At trial, the attorney testified that he discarded the records because they characterized the transfers inaccurately, failing to include the four subsequent gift and sale transactions. The court was not persuaded. “We do not so easily ignore [his] contemporaneous description of the transaction,” the court said. Nor would it overlook the taxpayer’s “primarily tax-motivated reasons for structuring the gift transfers as she did.” The four gift and sale transactions were planned as a single transaction and took place at virtually the same time, with no independent, intervening non-tax event. The taxpayer intended not just to minimize her tax liability, the court said, “but to eliminate it entirely.” Under these circumstances, including the LLC’s failure to observe formal operations (failure to pay down the note, etc.), the court applied the step transaction doctrine to collapse the separate transfers into a single deal.
Given this ruling, the court valued the LLC interests not by reference to the trust’s ownership but by their value in the taxpayer’s hands. The parties agreed that under the fair market value standard, a willing buyer/willing seller would pay less for the LLC interests than for an outright purchase of the same block of freely traded marketable securities. To prove the applicable discounted value, the taxpayer offered the original discounted appraisal (10% for minority interest, 30% for lack of marketability [DLOM], for a combined 36.5% discount), as well as a second appraisal, prepared specifically for trial.

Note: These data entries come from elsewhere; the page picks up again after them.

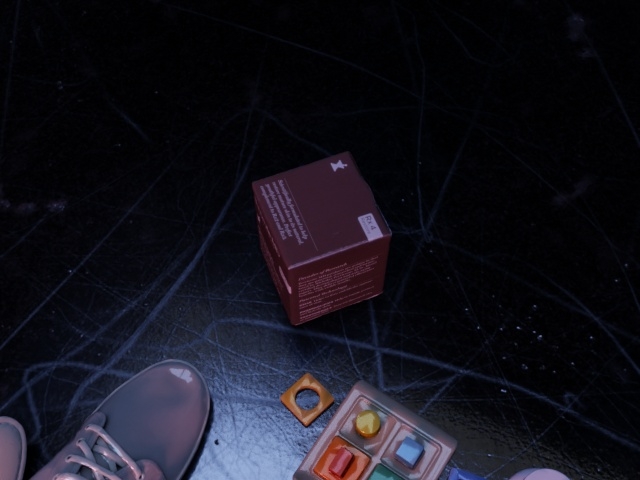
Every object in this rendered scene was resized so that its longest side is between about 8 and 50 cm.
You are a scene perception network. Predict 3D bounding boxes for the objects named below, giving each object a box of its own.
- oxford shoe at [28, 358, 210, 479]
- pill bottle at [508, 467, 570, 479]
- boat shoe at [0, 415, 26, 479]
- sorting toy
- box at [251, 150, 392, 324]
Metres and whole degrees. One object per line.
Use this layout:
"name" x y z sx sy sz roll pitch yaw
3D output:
"oxford shoe" -0.310 0.333 1.146 0.169 0.130 0.449 37 56 11
"pill bottle" 0.286 0.368 1.117 0.103 0.184 0.103 0 59 0
"boat shoe" -0.514 0.397 1.143 0.097 0.116 0.324 -11 53 39
"sorting toy" 0.081 0.320 1.223 0.348 0.047 0.196 30 64 16
"box" 0.000 0.000 1.319 0.167 0.203 0.168 -19 61 -10
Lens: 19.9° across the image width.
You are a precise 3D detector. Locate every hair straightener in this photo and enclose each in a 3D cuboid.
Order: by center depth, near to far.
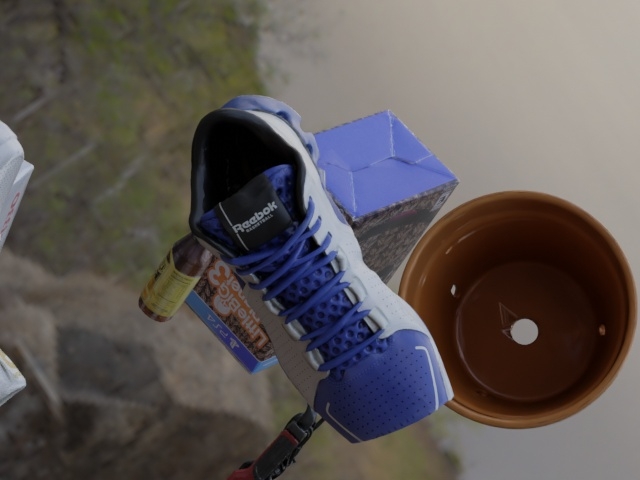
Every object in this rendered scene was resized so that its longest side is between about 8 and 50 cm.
[{"bbox_3d":[-0.055,0.229,1.951,0.047,0.230,0.089,40,27,9],"label":"hair straightener"}]

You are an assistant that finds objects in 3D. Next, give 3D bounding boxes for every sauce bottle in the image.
[{"bbox_3d":[-0.132,0.023,1.775,0.042,0.128,0.042,28,28,-16],"label":"sauce bottle"}]

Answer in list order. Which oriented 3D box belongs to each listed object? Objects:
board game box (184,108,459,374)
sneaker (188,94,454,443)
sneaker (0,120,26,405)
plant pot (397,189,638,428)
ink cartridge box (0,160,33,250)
[{"bbox_3d":[0.000,0.000,2.330,0.141,0.291,0.232,47,38,18],"label":"board game box"},{"bbox_3d":[-0.026,0.021,1.459,0.315,0.127,0.182,61,10,7],"label":"sneaker"},{"bbox_3d":[-0.302,0.055,1.560,0.169,0.292,0.108,35,3,7],"label":"sneaker"},{"bbox_3d":[0.251,0.099,2.282,0.290,0.291,0.203,61,3,14],"label":"plant pot"},{"bbox_3d":[-0.452,0.031,1.938,0.129,0.223,0.307,29,29,4],"label":"ink cartridge box"}]

This second expert also included a 10% minority discount, but believed a 35% DLOM was appropriate, for a cumulative 41.5% discount.
Notably, the IRS chose not to present its own expert valuation, relying instead on its original claims (in Pierre I) that the gifts were of the underlying assets of the LLC. Having lost that argument, in Pierre II the IRS simply requested the court to reduce the taxpayer’s proposed discounts.
Taxpayer wins by default? Although the taxpayer’s trial expert agreed with the original assessment of a 10% minority discount, he conceded that this applied to LLC interests of 40.5% and 9.5%. If he’d reviewed the rights and restrictions applicable to a 50% interest in the LLC, he would have reduced the discount to 8%, he said. Given the court’s collapse of the gift and sale transactions into transfers of 50% apiece, it accepted and applied the 8% discount for lack of control.
Despite her trial expert’s 35% DLOM, the taxpayer advocated for only 30%, as set forth in her original appraisal. Although the IRS argued that a 35% marketability discount was too high, it failed to contest the 30% DLOM at trial. Further, the IRS offered no evidence or expert testimony concerning the LLC interests. Based on the available evidence, presented by the taxpayer, the court held that a 30% marketability discount was appropriate and applied the same.